With the pictures left out, restate every entry word for word.

Input for this task
☆ ☆ ☆ ☆ ☆ ☆ ☆

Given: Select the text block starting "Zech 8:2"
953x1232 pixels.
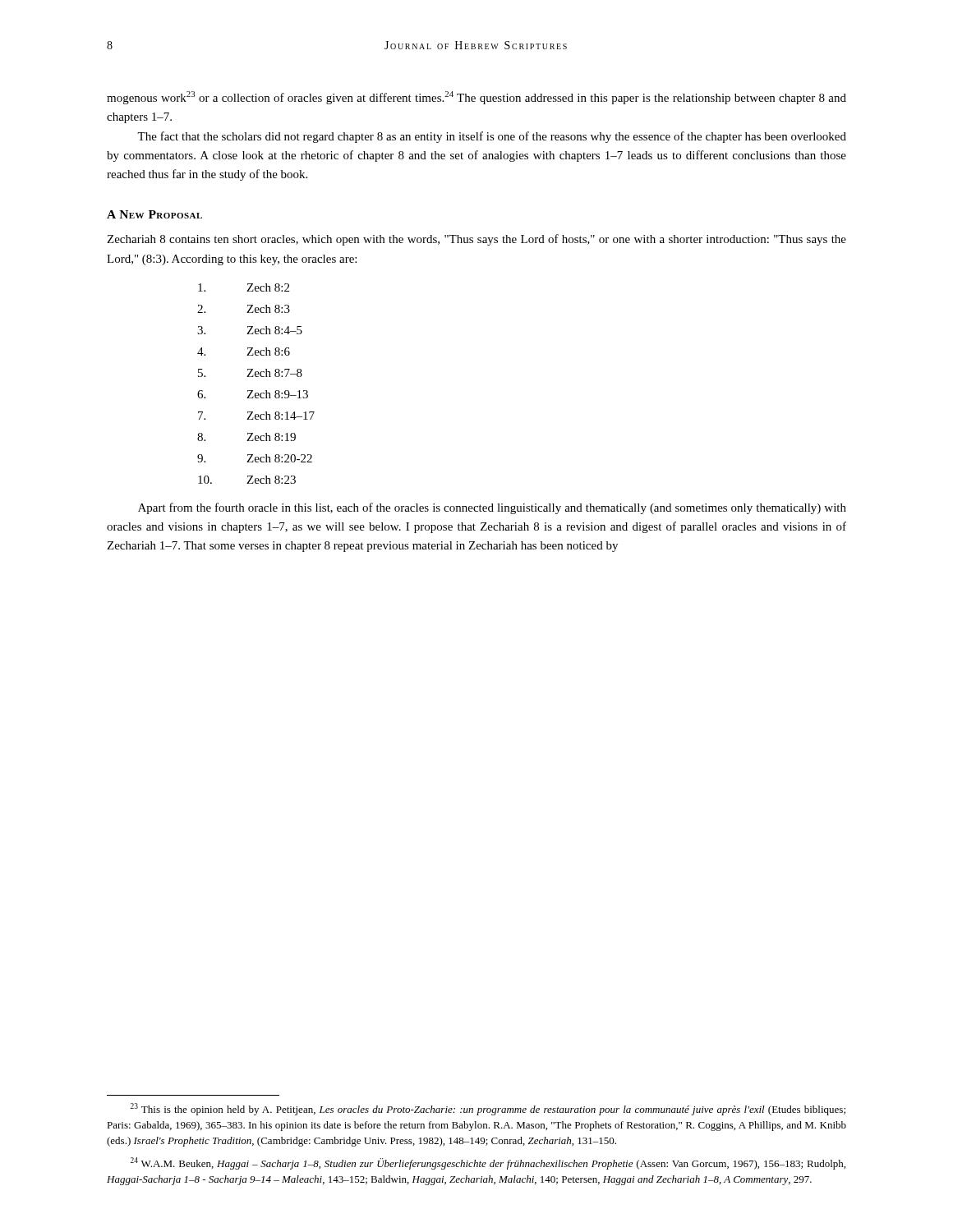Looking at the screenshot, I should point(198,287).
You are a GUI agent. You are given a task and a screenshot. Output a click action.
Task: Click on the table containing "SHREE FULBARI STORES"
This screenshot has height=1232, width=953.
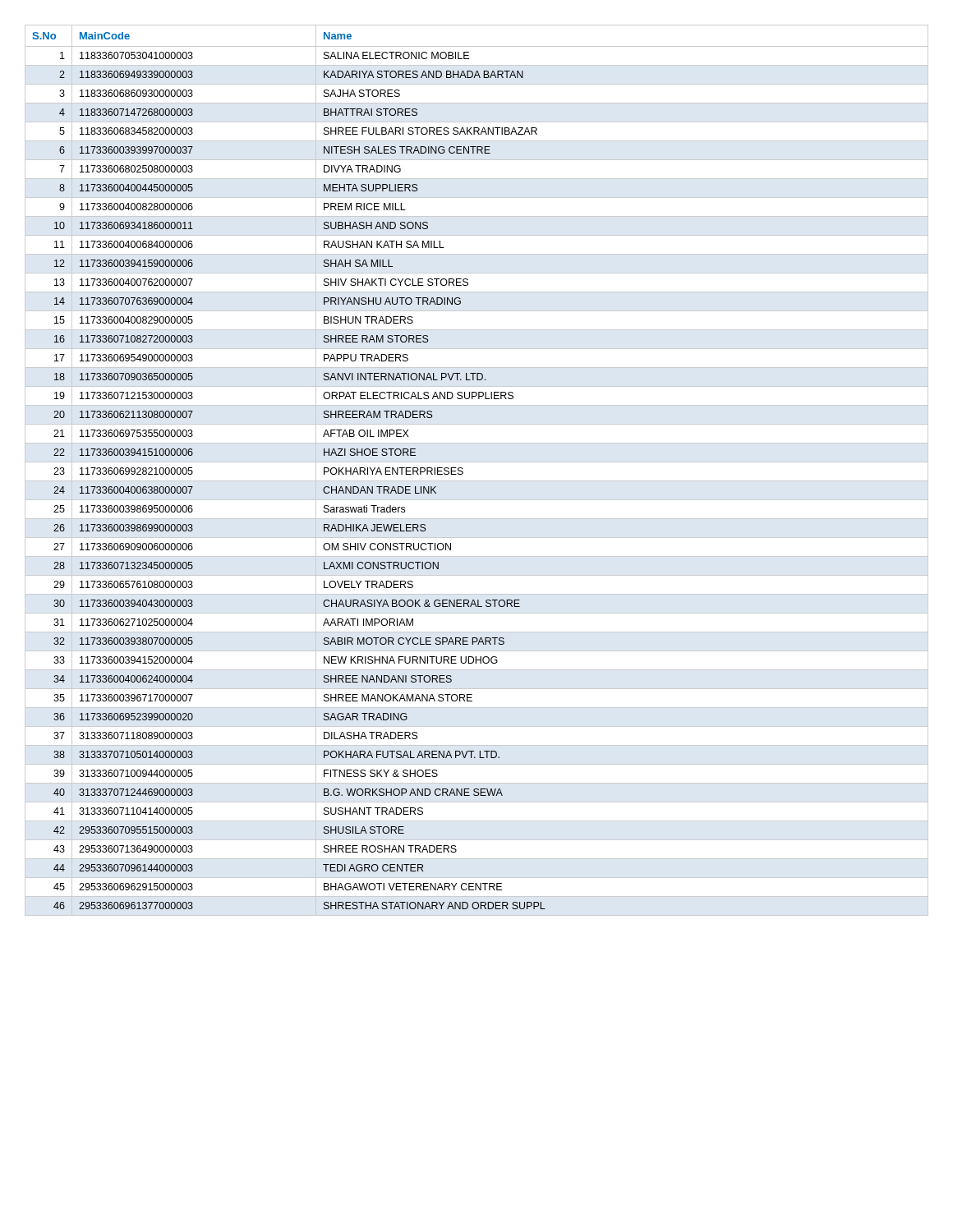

☆ ☆ ☆ ☆ ☆ ☆ ☆

Result below
Given: Select the text block starting "Zech 8:2"
953x1232 pixels.
Looking at the screenshot, I should point(198,287).
You are a GUI agent. You are given a task and a screenshot. Output a click action.
Task: Click on the table containing "SHREE FULBARI STORES"
This screenshot has height=1232, width=953.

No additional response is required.